5th Sunday of Lent - March 17, 2024

Two weeks ago, I talked about visiting Michelangelo’s magnificent sculpture of Moses during my recent trip to Rome. That Sunday I took my book of Michelangelo’s art with me to the Children’s Faith Formation classes to show Moses to them. When I mentioned that the sculpture was made of marble, an eight-year-old boy said, “I thought it was white chocolate”. 

The sculpture recreates the moment when Moses came down from Mount Sinai and found the people of Israel worshiping the Golden Calf which was the false idol they had made in Moses’ absence. Moses is seated, extremely angry. His right hand protects the stone tablets containing the Ten Commandments. His left hand, with throbbing veins and tense muscles, appears to be holding back from violent action. Moses could not hold back for long and, as Exodus tells us, “Moses’ anger burned, and he threw the tablets down and broke them on the base of the mountain” (32,19).

Today I am talking about this crucial moment in Salvation history because the event of the Golden Calf and the breaking of the tablets of the covenant by Moses foreshadowed the need for a new covenant. God, through the prophet Jeremiah, precisely makes the promise of the new covenant as we heard in today’s first reading.

In Exodus, God proposes a covenant to the people of Israel, based on the keeping of God’s Law, summarized in the Ten Commandments. The people accepted the covenant and Moses splashed on the people the blood of the sacrificial victims. Moses went up the mountain to receive the tablets of the covenant.   

Moses stayed on the mountain for forty days. Before his return, the people got tired of waiting and asked his brother Aaron to make them a god, an image to worship. Aaron makes the Golden Calf. It is surprising to learn that the people of Israel almost immediately broke the covenant. They broke the most fundamental commandment of the Law of God by committing idolatry. Their sin violated the covenant at its core. 

To understand the sin of the people we need to keep in mind that they were still under the power of original sin. In addition, they were still spiritually young, confused, and uninstructed in the Law of God. So much had taken place in their lives and so quickly that the external events that surrounded their election as God’s chosen people had not yet sunk into their hearts and minds. They needed some training before God would take them to the Promised Land; forty years until all that generation died in the desert.

The popular chant for Good Friday, “Were you there when you they crucified my Lord?” helps us reflect on what we would have done if we had witnessed the Lord’s crucifixion. Similarly, we can wonder, “Were you there when they worshiped the Golden Calf?” The Church, all of us believers, today are the people of Israel of the new covenant. Thanks be to God that we are not under the power of original sin. Some of us Christians, though, have not let the external events of our Baptism and Confirmation sunk into our hearts and minds.
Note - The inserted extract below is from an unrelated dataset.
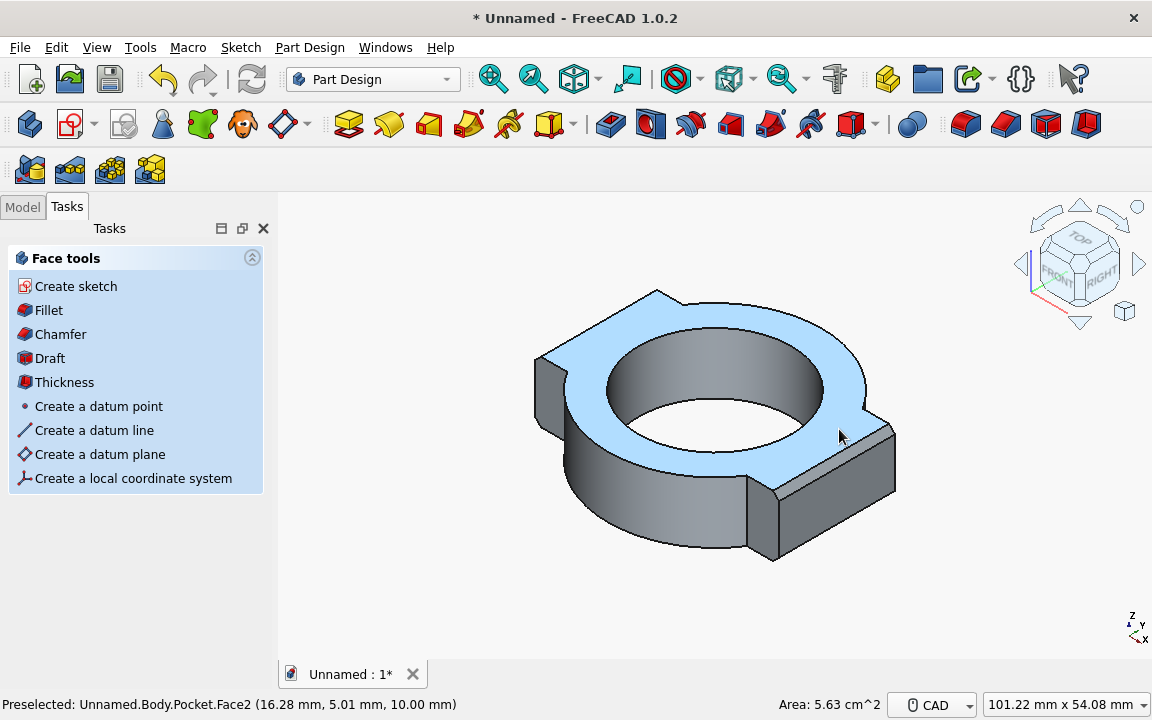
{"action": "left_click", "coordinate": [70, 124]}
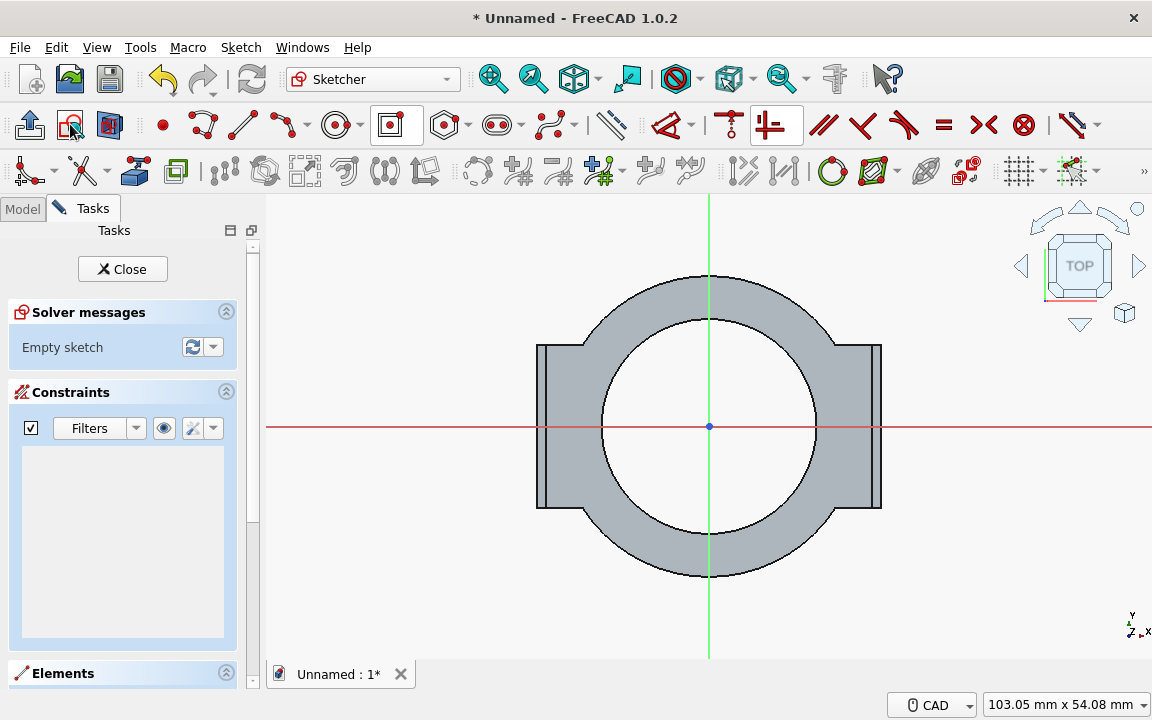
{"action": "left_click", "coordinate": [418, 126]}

Some of us need more spiritual training to be able to walk in the Law of God and one day be admitted in the Promised Land of heaven. The letter to the Hebrews todays tells us that even the Son of God needed some training in obedience. That training was necessarily through suffering. We cannot expect less.

All along God knew the spiritual weakness of the people of Israel. For that reason, God promised the new covenant. That new covenant needed to be based on God’s mercy alone, not on our own merits. The old covenant foreshadowed the new covenant. God’s grace, God’s mercy, and the adoption of the people as children of God was manifested already in the old covenant.

The promise of the new covenant was fulfilled on the Lord’s passion. On the eve of his death, the Lord claims to fulfill Jeremiah’s prophecy. We hear those words at each mass: “This is the chalice of my blood, the blood of the new and eternal covenant”. Let us humbly ask the Lord to grant us his grace to allow the things that happen externally in the sacraments to penetrate our hearts and minds to be faithful to his covenant.